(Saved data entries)
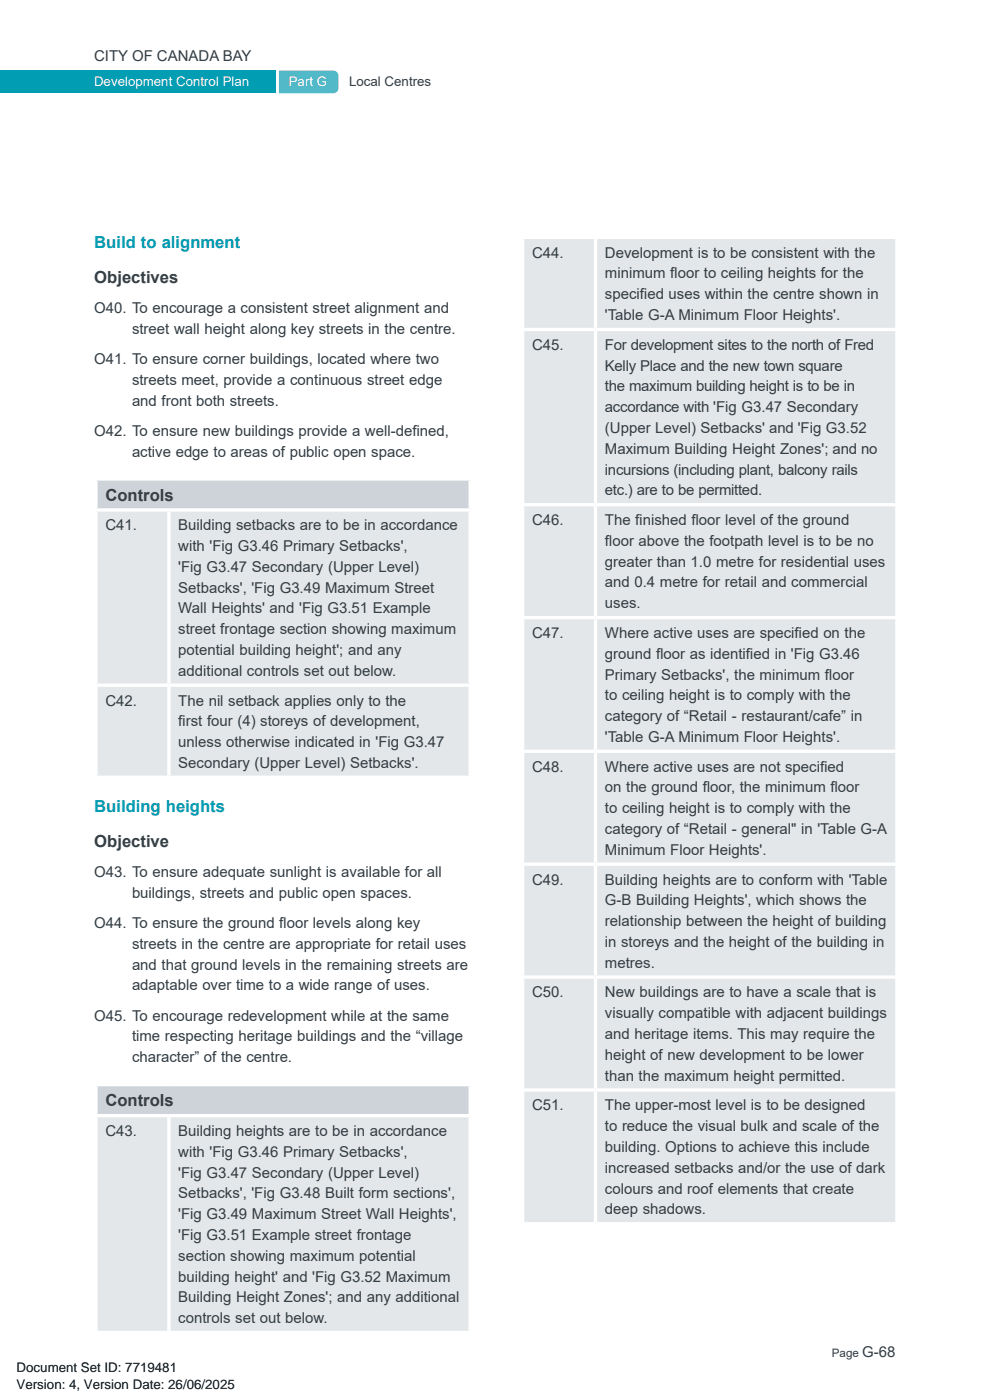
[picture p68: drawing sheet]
<svg xmlns="http://www.w3.org/2000/svg" width="210mm" height="297mm" viewBox="0 0 210 297" stroke-linecap="round" stroke-linejoin="round" font-family="sans-serif">
<defs><g id="words">
<g font-size="3.5" fill="#008ca6">
<text x="20" y="52.6">Build to alignment</text>
<text x="20" y="172.2">Building heights</text>
</g>
<g font-size="3.5" fill="#333c42">
<text x="20" y="60">Objectives</text>
<text x="22.4" y="106.2">Controls</text>
<text x="20" y="179.7">Objective</text>
<text x="22.4" y="234.7">Controls</text>
</g>
<g font-size="3.2" fill="#333c42">
<text x="20" y="13">CITY OF CANADA BAY</text>
<text x="112.9" y="54.7">C44.</text>
<text x="128.3" y="54.7">Development is to be consistent with the</text>
<text x="128.3" y="59.1">minimum f</text>
<text x="142.2" y="59.1">loor to ceiling heights for the</text>
<text x="128.3" y="63.5">specif</text>
<text x="135.7" y="63.5">ied uses within the centre shown in</text>
<text x="20" y="66.4">O40. To encourage a consistent street alignment and</text>
<text x="28" y="70.8">street wall height along key streets in the centre.</text>
<text x="128.3" y="67.9">'Table G-A Minimum Floor Heights'.</text>
<text x="20" y="77.2">O41. To ensure corner buildings, located where two</text>
<text x="112.9" y="74.2">C45.</text>
<text x="128.3" y="74.2">For development sites to the north of Fred</text>
<text x="28" y="81.6">streets meet, provide a continuous street edge</text>
<text x="128.3" y="78.6">Kelly Place and the new town square</text>
<text x="128.3" y="83">the maximum building height is to be in</text>
<text x="28" y="86">and front both streets.</text>
<text x="128.3" y="87.4">accordance with 'Fig G3.47 Secondary</text>
<text x="20" y="92.4">O42. To ensure new buildings provide a well-def</text>
<text x="87.5" y="92.4">ined,</text>
<text x="128.3" y="91.8">(Upper Level) Setbacks' and 'Fig G3.52</text>
<text x="28" y="96.8">active edge to areas of public open space.</text>
<text x="128.3" y="96.3">Maximum Building Height Zones'; and no</text>
<text x="128.3" y="100.7">incursions (including plant, balcony rails</text>
<text x="128.3" y="105.1">etc.) are to be permitted.</text>
<text x="22.4" y="112.5">C41.</text>
<text x="37.8" y="112.5">Building setbacks are to be in accordance</text>
<text x="112.9" y="111.4">C46.</text>
<text x="128.3" y="111.4">The f</text>
<text x="134.8" y="111.4">inished f</text>
<text x="146.7" y="111.4">loor level of the ground</text>
<text x="37.8" y="116.9">with 'Fig G3.46 Primary Setbacks',</text>
<text x="128.3" y="115.8">f</text>
<text x="128.3" y="115.8">loor above the footpath level is to be no</text>
<text x="37.8" y="121.3">'Fig G3.47 Secondary (Upper Level)</text>
<text x="37.8" y="125.7">Setbacks', 'Fig G3.49 Maximum Street</text>
<text x="128.3" y="120.2">greater than 1.0 metre for residential uses</text>
<text x="128.3" y="124.6">and 0.4 metre for retail and commercial</text>
<text x="37.8" y="130.1">Wall Heights' and 'Fig G3.51 Example</text>
<text x="128.3" y="129">uses.</text>
<text x="37.8" y="134.5">street frontage section showing maximum</text>
<text x="112.9" y="135.3">C47.</text>
<text x="128.3" y="135.3">Where active uses are specif</text>
<text x="168.6" y="135.3">ied on the</text>
<text x="37.8" y="139">potential building height'; and any</text>
<text x="37.8" y="143.4">additional controls set out below.</text>
<text x="128.3" y="139.8">ground f</text>
<text x="139.2" y="139.8">loor as identif</text>
<text x="158.2" y="139.8">ied in 'Fig G3.46</text>
<text x="22.4" y="149.7">C42.</text>
<text x="37.8" y="149.7">The nil setback applies only to the</text>
<text x="128.3" y="144.2">Primary Setbacks', the minimum f</text>
<text x="128.3" y="148.6">to ceiling height is to comply with the</text>
<text x="175" y="144.2">loor</text>
<text x="37.8" y="154.1">f</text>
<text x="37.8" y="154.1">irst four (4) storeys of development,</text>
<text x="128.3" y="153">category of “Retail - restaurant/cafe” in</text>
<text x="37.8" y="158.5">unless otherwise indicated in 'Fig G3.47</text>
<text x="128.3" y="157.4">'Table G-A Minimum Floor Heights'.</text>
<text x="37.8" y="162.9">Secondary (Upper Level) Setbacks'.</text>
<text x="112.9" y="163.7">C48.</text>
<text x="128.3" y="163.7">Where active uses are not specif</text>
<text x="173.9" y="163.7">ied</text>
<text x="128.3" y="168.1">on the ground f</text>
<text x="128.3" y="172.5">to ceiling height is to comply with the</text>
<text x="149.1" y="168.1">loor, the minimum f</text>
<text x="176.2" y="168.1">loor</text>
<text x="128.3" y="176.9">category of “Retail - general&quot; in 'Table G-A</text>
<text x="128.3" y="181.3">Minimum Floor Heights'.</text>
<text x="20" y="186.1">O43. To ensure adequate sunlight is available for all</text>
<text x="28" y="190.5">buildings, streets and public open spaces.</text>
<text x="112.9" y="187.7">C49.</text>
<text x="128.3" y="187.7">Building heights are to conform with 'Table</text>
<text x="20" y="196.9">O44. To ensure the ground f</text>
<text x="59.2" y="196.9">loor levels along key</text>
<text x="128.3" y="192.1">G-B Building Heights', which shows the</text>
<text x="128.3" y="196.5">relationship between the height of building</text>
<text x="28" y="201.3">streets in the centre are appropriate for retail uses</text>
<text x="128.3" y="200.9">in storeys and the height of the building in</text>
<text x="28" y="205.7">and that ground levels in the remaining streets are</text>
<text x="128.3" y="205.3">metres.</text>
<text x="28" y="210.1">adaptable over time to a wide range of uses.</text>
<text x="112.9" y="211.6">C50.</text>
<text x="128.3" y="211.6">New buildings are to have a scale that is</text>
<text x="20" y="216.5">O45. To encourage redevelopment while at the same</text>
<text x="28" y="220.9">time respecting heritage buildings and the “village</text>
<text x="128.3" y="216">visually compatible with adjacent buildings</text>
<text x="128.3" y="220.4">and heritage items. This may require the</text>
<text x="28" y="225.4">character” of the centre.</text>
<text x="128.3" y="224.8">height of new development to be lower</text>
<text x="128.3" y="229.2">than the maximum height permitted.</text>
<text x="112.9" y="235.6">C51.</text>
<text x="128.3" y="235.6">The upper-most level is to be designed</text>
<text x="128.3" y="240">to reduce the visual bulk and scale of the</text>
<text x="22.4" y="241">C43.</text>
<text x="37.8" y="241">Building heights are to be in accordance</text>
<text x="37.8" y="245.4">with 'Fig G3.46 Primary Setbacks',</text>
<text x="128.3" y="244.4">building. Options to achieve this include</text>
<text x="37.8" y="249.8">'Fig G3.47 Secondary (Upper Level)</text>
<text x="128.3" y="248.8">increased setbacks and/or the use of dark</text>
<text x="37.8" y="254.2">Setbacks', 'Fig G3.48 Built form sections',</text>
<text x="128.3" y="253.2">colours and roof elements that create</text>
<text x="128.3" y="257.6">deep shadows.</text>
<text x="37.8" y="258.6">'Fig G3.49 Maximum Street Wall Heights',</text>
<text x="37.8" y="263">'Fig G3.51 Example street frontage</text>
<text x="37.8" y="267.5">section showing maximum potential</text>
<text x="37.8" y="271.9">building height' and 'Fig G3.52 Maximum</text>
<text x="37.8" y="276.3">Building Height Zones'; and any additional</text>
<text x="37.8" y="280.7">controls set out below.</text>
<text x="182.9" y="288">G-68</text>
</g>
<g font-size="2.8" fill="#fff">
<text x="20" y="18.2">Development Control Plan</text>
<text x="61.3" y="18.2">Part G</text>
</g>
<text font-size="2.8" fill="#333c42" x="74.1" y="18.2">Local Centres</text>
<g font-size="2.8">
<text x="3.5" y="291.1">Document Set ID: 7719481</text>
<text x="3.5" y="294.7">Version: 4, Version Date: 26/06/2025</text>
</g>
<text font-size="2.5" fill="#333c42" x="176.4" y="288">Page</text>
</g></defs>
<path d="M0 15h58.4v4.8h-58.4z" fill="#009db3"/>
<path d="M59.2 15h11.4a1.2 1.2 0 0 1 1.2 1.2v2.4a1.2 1.2 0 0 1-1.2 1.2h-11.4z" fill="#4dbaca"/>
<path d="M20.4 101.6h79.3v6.6h-79.3z" fill="#cdd3d8"/>
<path d="M20.4 108.2h15.4v37.2h-15.4zM35.8 108.2h63.9v37.2h-63.9zM20.4 145.4h15.4v19.5h-15.4zM35.8 145.4h63.9v19.5h-63.9z" fill="#e3e7ea"/>
<path d="M20 101.6h80.1M20 108.2h80.1M20.4 102v5.8M20.4 108.5v36.5M35.8 108.5v36.5M99.7 102v5.8M99.7 108.5v36.5M20 145.4h80.1M20.4 145.7v18.8M35.8 145.7v18.8M99.7 145.7v18.8M20 164.9h80.1" fill="none" stroke="#fff" stroke-width=".71" stroke-linecap="butt"/>
<path d="M20.4 230.1h79.3v6.6h-79.3z" fill="#cdd3d8"/>
<path d="M20.4 236.7h15.4v46h-15.4zM35.8 236.7h63.9v46h-63.9z" fill="#e3e7ea"/>
<path d="M20 230.1h80.1M20 236.7h80.1M20.4 230.5v5.8M20.4 237v45.3M35.8 237v45.3M99.7 230.5v5.8M99.7 237v45.3M20 282.7h80.1" fill="none" stroke="#fff" stroke-width=".71" stroke-linecap="butt"/>
<path d="M110.9 50.4h15.4v19.5h-15.4zM126.3 50.4h63.9v19.5h-63.9zM110.9 69.9h15.4v37.2h-15.4zM126.3 69.9h63.9v37.2h-63.9zM110.9 107.1h15.4v23.9h-15.4zM126.3 107.1h63.9v23.9h-63.9zM110.9 131h15.4v28.4h-15.4zM126.3 131h63.9v28.4h-63.9zM110.9 159.4h15.4v23.9h-15.4zM126.3 159.4h63.9v23.9h-63.9zM110.9 183.3h15.4v24h-15.4zM126.3 183.3h63.9v24h-63.9zM110.9 207.3h15.4v23.9h-15.4zM126.3 207.3h63.9v23.9h-63.9zM110.9 231.2h15.4v28.4h-15.4zM126.3 231.2h63.9v28.4h-63.9z" fill="#e3e7ea"/>
<g fill="none" stroke="#fff" stroke-width=".71" stroke-linecap="butt">
<path d="M110.5 50.4h80.1M110.9 50.7v18.8M126.3 50.7v18.8M190.2 50.7v18.8M110.5 69.9h80.1M110.9 70.2v36.5M126.3 70.2v36.5M190.2 70.2v36.5M110.5 107.1h80.1M110.9 107.4v23.3M126.3 107.4v23.3M190.2 107.4v23.3"/>
<path d="M110.5 131h80.1M110.9 131.4v27.6M126.3 131.4v27.6M190.2 131.4v27.6M110.5 159.4h80.1M110.9 159.7v23.3M126.3 159.7v23.3M190.2 159.7v23.3M110.5 183.3h80.1M110.9 183.7v23.2M126.3 183.7v23.2M190.2 183.7v23.2"/>
<path d="M110.5 207.3h80.1M110.9 207.6v23.3M126.3 207.6v23.3M190.2 207.6v23.3M110.5 231.2h80.1M110.9 231.6v27.6M126.3 231.6v27.6M190.2 231.6v27.6M110.5 259.6h80.1"/>
</g>
<use href="#words"/>
</svg>

-- Problem details --
From the data above, copy each line where the string "alignment" appears.

-- Solution to this problem --
<text x="20" y="52.6">Build to alignment</text>
<text x="20" y="66.4">O40. To encourage a consistent street alignment and</text>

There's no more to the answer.